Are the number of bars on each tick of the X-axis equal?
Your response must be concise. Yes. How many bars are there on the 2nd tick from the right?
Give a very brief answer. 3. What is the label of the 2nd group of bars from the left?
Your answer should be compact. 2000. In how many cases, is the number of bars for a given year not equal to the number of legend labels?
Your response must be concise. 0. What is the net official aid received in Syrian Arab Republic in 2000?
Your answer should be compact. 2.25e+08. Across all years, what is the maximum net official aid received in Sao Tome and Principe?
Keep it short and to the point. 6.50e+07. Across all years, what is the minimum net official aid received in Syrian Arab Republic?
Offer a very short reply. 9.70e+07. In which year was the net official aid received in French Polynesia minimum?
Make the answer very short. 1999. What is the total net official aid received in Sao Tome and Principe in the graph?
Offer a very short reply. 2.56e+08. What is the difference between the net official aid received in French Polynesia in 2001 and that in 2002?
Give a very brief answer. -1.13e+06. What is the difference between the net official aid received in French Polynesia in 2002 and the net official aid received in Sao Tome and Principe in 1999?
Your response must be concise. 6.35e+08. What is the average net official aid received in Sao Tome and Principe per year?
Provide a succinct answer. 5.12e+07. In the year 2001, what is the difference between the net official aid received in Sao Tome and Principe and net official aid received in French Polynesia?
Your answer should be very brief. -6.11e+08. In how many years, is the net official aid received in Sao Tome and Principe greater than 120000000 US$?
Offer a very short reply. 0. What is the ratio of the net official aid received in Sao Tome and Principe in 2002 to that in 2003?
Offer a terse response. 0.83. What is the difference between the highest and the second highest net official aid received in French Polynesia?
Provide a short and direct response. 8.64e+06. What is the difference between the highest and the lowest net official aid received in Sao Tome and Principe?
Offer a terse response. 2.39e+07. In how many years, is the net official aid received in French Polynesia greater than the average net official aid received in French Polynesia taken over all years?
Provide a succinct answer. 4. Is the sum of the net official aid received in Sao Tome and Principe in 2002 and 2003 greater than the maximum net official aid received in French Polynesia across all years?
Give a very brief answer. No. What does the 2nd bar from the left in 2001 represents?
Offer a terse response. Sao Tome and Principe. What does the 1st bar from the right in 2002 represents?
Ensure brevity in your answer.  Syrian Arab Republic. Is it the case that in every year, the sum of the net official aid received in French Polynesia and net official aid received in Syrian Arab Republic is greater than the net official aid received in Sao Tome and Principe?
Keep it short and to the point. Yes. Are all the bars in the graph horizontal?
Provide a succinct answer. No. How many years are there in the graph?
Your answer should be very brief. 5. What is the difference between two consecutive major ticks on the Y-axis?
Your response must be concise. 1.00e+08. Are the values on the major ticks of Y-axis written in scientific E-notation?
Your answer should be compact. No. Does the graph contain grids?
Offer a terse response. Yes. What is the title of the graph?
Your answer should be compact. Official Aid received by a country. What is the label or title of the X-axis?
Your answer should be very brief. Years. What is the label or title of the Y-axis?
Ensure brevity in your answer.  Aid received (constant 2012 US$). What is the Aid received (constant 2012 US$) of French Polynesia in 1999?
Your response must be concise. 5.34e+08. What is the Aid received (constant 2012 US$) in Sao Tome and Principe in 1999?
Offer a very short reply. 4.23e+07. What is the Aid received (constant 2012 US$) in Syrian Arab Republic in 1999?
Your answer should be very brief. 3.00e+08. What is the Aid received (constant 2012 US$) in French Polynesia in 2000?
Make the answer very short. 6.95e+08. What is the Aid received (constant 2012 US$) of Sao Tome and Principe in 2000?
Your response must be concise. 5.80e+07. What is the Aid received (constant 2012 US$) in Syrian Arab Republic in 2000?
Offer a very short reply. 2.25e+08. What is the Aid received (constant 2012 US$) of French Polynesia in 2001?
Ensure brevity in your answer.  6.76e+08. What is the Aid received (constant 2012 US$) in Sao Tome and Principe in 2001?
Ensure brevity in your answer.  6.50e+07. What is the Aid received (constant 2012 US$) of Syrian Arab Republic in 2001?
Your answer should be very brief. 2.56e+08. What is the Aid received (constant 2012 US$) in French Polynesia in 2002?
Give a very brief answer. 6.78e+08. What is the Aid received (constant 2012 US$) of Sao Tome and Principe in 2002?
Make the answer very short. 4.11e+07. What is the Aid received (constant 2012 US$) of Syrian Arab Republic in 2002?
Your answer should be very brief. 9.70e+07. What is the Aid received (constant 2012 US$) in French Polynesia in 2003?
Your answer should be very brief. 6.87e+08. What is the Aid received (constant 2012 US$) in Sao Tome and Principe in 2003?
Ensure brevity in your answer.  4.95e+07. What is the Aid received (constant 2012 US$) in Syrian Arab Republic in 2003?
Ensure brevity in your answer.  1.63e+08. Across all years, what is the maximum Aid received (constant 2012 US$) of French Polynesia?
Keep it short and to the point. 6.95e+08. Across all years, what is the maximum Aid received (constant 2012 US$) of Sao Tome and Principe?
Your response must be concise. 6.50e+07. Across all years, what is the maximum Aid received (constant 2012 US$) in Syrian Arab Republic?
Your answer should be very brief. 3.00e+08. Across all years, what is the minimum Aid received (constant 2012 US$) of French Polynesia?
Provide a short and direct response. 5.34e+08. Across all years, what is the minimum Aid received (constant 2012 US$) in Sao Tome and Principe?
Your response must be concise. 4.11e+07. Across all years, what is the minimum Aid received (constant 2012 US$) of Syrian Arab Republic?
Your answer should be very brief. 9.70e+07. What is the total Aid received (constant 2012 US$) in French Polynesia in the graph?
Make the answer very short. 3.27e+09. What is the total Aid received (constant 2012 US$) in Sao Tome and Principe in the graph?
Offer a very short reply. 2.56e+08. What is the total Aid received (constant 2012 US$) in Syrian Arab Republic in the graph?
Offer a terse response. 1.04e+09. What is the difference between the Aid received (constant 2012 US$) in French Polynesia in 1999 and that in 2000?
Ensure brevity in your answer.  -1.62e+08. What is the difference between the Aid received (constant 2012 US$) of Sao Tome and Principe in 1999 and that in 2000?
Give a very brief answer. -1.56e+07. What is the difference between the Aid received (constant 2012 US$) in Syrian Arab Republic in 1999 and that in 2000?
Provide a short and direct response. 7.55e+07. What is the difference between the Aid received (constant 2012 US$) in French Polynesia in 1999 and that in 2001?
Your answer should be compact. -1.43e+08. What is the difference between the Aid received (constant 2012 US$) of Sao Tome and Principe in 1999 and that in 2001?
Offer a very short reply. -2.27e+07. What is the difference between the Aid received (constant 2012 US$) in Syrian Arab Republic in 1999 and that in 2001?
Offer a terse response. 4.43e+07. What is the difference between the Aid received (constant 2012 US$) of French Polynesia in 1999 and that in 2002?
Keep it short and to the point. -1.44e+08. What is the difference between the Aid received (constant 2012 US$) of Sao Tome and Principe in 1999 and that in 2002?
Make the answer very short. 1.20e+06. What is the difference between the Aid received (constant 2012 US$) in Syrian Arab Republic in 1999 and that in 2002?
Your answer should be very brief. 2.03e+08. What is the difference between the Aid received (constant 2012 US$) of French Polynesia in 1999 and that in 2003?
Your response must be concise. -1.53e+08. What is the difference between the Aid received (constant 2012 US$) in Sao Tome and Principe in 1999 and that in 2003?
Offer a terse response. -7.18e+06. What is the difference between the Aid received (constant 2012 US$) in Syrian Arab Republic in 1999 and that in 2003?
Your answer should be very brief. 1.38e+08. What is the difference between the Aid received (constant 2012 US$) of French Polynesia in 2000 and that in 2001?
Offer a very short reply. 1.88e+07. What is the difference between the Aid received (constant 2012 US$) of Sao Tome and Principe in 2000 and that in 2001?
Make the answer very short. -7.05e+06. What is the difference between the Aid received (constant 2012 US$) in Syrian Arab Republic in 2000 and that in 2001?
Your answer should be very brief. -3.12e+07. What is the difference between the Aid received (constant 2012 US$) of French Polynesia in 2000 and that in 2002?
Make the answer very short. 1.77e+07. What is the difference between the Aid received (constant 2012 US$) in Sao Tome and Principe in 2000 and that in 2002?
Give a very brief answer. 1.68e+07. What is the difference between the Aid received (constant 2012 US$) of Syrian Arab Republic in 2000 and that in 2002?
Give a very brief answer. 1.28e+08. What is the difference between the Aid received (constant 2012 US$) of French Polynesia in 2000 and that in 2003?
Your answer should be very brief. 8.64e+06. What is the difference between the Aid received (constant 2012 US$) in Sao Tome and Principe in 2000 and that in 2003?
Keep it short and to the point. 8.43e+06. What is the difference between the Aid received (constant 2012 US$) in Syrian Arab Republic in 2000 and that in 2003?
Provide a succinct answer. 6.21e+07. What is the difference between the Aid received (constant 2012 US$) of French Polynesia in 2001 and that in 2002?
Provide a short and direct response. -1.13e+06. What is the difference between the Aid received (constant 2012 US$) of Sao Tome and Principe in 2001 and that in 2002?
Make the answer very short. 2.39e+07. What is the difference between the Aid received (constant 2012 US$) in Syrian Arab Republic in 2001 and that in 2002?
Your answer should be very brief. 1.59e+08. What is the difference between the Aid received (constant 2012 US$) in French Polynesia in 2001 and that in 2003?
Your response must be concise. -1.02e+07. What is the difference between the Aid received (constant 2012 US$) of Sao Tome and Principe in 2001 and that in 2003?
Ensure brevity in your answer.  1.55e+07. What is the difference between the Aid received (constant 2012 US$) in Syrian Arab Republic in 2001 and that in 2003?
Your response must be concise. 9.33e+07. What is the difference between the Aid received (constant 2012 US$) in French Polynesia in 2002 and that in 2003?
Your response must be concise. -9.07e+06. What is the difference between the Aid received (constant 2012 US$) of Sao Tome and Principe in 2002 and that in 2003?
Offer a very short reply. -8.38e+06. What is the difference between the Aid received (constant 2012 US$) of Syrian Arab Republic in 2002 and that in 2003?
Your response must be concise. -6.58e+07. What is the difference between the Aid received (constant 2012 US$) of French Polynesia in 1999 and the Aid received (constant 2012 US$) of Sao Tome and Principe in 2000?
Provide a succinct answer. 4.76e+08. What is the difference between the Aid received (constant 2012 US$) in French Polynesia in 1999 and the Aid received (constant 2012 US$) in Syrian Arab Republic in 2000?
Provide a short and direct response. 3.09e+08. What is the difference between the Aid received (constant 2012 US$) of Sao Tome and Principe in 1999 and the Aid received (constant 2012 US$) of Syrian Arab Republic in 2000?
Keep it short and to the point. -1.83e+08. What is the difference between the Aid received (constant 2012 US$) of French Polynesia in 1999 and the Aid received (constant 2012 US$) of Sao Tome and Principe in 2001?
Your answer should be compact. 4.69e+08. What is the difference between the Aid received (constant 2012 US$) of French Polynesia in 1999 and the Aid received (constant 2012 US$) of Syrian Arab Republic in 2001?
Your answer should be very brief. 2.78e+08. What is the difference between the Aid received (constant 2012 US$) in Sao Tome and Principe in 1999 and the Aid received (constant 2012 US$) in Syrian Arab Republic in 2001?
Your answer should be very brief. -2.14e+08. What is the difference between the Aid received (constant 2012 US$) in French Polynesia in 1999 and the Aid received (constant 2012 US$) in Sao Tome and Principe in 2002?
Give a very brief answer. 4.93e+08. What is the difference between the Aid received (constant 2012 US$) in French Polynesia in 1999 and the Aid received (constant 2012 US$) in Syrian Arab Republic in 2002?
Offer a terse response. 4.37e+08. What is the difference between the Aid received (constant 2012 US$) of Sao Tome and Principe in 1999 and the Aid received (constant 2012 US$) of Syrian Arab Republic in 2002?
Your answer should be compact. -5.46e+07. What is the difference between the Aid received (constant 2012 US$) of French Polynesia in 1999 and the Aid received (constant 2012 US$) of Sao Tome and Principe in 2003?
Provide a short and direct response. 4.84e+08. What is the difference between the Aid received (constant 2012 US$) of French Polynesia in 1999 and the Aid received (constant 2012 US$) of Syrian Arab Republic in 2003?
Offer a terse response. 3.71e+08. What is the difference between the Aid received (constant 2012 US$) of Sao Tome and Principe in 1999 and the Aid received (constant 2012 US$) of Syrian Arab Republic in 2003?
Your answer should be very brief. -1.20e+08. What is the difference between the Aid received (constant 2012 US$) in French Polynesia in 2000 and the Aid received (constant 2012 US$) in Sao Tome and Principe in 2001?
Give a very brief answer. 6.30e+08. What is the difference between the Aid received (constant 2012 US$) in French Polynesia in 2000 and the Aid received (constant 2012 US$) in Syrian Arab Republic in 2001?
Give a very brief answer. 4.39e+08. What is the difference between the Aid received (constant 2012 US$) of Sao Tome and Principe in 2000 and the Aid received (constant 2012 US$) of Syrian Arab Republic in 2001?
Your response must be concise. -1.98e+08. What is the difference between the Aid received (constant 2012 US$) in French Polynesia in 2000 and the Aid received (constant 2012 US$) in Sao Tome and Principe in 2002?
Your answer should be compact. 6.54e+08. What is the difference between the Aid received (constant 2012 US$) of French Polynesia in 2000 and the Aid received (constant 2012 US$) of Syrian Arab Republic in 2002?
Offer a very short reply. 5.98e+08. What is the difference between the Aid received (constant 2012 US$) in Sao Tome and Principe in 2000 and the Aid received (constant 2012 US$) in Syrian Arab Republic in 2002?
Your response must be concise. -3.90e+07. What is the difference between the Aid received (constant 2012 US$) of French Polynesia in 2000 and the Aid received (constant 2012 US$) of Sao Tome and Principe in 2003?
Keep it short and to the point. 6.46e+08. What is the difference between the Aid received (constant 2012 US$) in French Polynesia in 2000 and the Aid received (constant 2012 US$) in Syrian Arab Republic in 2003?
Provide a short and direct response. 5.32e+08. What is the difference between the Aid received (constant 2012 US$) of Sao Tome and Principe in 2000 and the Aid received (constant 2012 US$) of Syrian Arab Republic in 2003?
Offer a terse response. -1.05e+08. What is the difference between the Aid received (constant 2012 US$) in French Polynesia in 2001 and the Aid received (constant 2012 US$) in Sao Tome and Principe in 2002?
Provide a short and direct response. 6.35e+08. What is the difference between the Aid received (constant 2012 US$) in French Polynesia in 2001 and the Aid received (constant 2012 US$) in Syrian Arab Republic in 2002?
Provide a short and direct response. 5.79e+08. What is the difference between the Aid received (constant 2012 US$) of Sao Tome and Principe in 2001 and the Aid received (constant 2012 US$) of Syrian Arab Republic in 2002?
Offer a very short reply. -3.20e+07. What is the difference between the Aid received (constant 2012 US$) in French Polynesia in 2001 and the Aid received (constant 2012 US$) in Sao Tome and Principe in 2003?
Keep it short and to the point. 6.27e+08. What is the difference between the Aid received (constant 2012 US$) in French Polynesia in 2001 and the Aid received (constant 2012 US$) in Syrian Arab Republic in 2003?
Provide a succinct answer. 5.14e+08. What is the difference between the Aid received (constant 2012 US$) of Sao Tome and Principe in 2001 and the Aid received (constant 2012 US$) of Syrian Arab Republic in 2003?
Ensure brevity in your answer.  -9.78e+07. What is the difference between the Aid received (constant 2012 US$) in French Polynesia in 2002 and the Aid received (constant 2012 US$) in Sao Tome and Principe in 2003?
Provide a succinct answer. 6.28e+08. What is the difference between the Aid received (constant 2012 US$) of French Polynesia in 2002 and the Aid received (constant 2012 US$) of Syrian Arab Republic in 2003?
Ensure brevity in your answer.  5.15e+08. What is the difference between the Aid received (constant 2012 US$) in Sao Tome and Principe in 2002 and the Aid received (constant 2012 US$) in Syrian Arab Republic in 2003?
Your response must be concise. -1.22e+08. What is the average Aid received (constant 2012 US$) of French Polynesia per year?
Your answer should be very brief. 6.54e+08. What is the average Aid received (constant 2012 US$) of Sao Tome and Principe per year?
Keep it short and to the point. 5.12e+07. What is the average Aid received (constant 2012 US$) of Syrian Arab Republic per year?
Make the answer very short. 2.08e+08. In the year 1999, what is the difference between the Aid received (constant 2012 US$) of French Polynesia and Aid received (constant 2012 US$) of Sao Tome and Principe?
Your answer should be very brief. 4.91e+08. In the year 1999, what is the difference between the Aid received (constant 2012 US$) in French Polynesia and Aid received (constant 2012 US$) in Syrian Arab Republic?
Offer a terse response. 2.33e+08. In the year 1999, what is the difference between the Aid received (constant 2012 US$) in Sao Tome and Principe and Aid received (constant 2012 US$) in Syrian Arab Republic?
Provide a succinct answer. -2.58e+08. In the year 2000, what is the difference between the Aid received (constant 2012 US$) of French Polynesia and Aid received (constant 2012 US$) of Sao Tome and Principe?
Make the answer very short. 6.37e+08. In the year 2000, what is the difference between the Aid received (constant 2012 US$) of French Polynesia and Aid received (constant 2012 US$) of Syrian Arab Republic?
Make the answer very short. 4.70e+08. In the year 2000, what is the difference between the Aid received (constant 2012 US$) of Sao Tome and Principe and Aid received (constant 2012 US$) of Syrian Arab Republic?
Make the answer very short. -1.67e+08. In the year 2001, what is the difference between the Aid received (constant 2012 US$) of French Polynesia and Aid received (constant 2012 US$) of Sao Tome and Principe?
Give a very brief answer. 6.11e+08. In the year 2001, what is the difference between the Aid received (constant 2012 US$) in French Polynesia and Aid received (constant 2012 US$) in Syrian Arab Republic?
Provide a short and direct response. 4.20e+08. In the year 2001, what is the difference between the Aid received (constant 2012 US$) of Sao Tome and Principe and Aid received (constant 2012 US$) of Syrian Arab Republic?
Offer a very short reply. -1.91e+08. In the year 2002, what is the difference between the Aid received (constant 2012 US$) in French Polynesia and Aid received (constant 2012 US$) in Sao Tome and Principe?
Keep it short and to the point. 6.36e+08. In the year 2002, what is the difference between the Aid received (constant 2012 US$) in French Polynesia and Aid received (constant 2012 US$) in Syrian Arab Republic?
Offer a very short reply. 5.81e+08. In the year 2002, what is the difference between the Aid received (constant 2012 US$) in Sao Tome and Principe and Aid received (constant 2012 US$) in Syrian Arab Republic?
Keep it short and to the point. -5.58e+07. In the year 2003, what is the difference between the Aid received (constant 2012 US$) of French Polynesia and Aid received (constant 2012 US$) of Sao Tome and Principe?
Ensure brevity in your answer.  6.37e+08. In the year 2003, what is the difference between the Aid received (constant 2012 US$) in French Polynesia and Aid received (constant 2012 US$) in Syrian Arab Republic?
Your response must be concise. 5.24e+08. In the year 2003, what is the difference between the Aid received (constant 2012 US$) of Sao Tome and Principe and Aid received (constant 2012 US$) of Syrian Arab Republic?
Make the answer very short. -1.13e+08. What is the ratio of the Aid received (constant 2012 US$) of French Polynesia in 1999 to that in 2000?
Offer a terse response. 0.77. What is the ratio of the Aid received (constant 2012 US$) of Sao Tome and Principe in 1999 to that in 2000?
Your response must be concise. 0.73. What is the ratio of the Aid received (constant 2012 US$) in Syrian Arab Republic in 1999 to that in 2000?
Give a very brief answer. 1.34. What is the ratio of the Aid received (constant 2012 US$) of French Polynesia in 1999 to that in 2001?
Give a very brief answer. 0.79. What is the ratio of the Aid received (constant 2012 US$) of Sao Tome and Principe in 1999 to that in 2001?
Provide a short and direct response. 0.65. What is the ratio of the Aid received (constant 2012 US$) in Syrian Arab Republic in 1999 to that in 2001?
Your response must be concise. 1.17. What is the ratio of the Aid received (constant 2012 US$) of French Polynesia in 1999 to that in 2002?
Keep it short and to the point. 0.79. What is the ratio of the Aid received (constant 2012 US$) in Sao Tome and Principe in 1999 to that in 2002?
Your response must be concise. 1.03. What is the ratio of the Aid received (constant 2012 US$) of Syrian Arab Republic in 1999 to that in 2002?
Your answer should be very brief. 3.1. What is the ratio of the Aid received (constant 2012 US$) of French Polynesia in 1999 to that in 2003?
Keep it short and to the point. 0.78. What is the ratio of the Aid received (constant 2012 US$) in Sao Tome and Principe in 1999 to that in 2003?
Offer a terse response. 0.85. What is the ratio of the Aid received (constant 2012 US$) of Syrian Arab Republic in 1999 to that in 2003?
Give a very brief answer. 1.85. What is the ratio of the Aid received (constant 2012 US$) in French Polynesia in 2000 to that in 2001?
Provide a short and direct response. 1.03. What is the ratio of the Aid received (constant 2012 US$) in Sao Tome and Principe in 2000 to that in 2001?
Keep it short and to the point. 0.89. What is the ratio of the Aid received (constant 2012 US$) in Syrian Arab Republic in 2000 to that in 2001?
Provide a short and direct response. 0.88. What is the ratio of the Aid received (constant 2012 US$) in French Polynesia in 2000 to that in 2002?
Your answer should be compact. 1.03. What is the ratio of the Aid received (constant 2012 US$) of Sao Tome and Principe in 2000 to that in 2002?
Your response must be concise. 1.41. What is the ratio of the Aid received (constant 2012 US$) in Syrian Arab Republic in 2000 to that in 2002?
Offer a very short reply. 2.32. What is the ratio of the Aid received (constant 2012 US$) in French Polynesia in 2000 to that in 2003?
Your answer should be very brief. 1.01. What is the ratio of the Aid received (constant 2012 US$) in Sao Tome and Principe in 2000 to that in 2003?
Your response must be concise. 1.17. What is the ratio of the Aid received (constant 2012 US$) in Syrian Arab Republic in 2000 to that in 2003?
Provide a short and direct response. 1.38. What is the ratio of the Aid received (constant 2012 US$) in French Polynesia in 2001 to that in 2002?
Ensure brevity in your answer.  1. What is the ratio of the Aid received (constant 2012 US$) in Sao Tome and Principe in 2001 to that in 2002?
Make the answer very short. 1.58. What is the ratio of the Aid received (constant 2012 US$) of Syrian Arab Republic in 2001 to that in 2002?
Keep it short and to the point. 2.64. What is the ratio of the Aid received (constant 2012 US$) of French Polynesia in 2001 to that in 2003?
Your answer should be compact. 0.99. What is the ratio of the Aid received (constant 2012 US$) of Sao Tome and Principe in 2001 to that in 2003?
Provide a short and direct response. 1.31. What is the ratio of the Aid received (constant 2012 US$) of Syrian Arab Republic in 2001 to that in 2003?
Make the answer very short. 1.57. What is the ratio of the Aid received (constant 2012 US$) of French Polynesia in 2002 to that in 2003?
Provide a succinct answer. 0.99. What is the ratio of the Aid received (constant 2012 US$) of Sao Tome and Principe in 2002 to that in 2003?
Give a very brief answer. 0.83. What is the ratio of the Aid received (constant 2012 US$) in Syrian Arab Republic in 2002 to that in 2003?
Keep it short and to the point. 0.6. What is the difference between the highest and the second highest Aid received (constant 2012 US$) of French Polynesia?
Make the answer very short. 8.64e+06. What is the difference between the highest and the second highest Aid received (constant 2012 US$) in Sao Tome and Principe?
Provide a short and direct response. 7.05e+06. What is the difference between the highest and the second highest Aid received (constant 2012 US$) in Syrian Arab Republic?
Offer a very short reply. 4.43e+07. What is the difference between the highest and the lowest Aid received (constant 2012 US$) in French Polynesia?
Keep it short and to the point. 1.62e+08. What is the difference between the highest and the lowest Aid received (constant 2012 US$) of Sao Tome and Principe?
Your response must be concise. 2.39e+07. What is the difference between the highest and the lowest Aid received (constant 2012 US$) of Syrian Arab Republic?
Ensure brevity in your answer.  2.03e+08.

····················

Problem to solve - Look back at the entries above. Retype the line with "Principe in 2001 to that in 2002?", the line with "Provide a short and direct response. 1.31.", and all lines in between.

Output for this task -
Ensure brevity in your answer.  1. What is the ratio of the Aid received (constant 2012 US$) in Sao Tome and Principe in 2001 to that in 2002?
Make the answer very short. 1.58. What is the ratio of the Aid received (constant 2012 US$) of Syrian Arab Republic in 2001 to that in 2002?
Keep it short and to the point. 2.64. What is the ratio of the Aid received (constant 2012 US$) of French Polynesia in 2001 to that in 2003?
Your answer should be compact. 0.99. What is the ratio of the Aid received (constant 2012 US$) of Sao Tome and Principe in 2001 to that in 2003?
Provide a short and direct response. 1.31. What is the ratio of the Aid received (constant 2012 US$) of Syrian Arab Republic in 2001 to that in 2003?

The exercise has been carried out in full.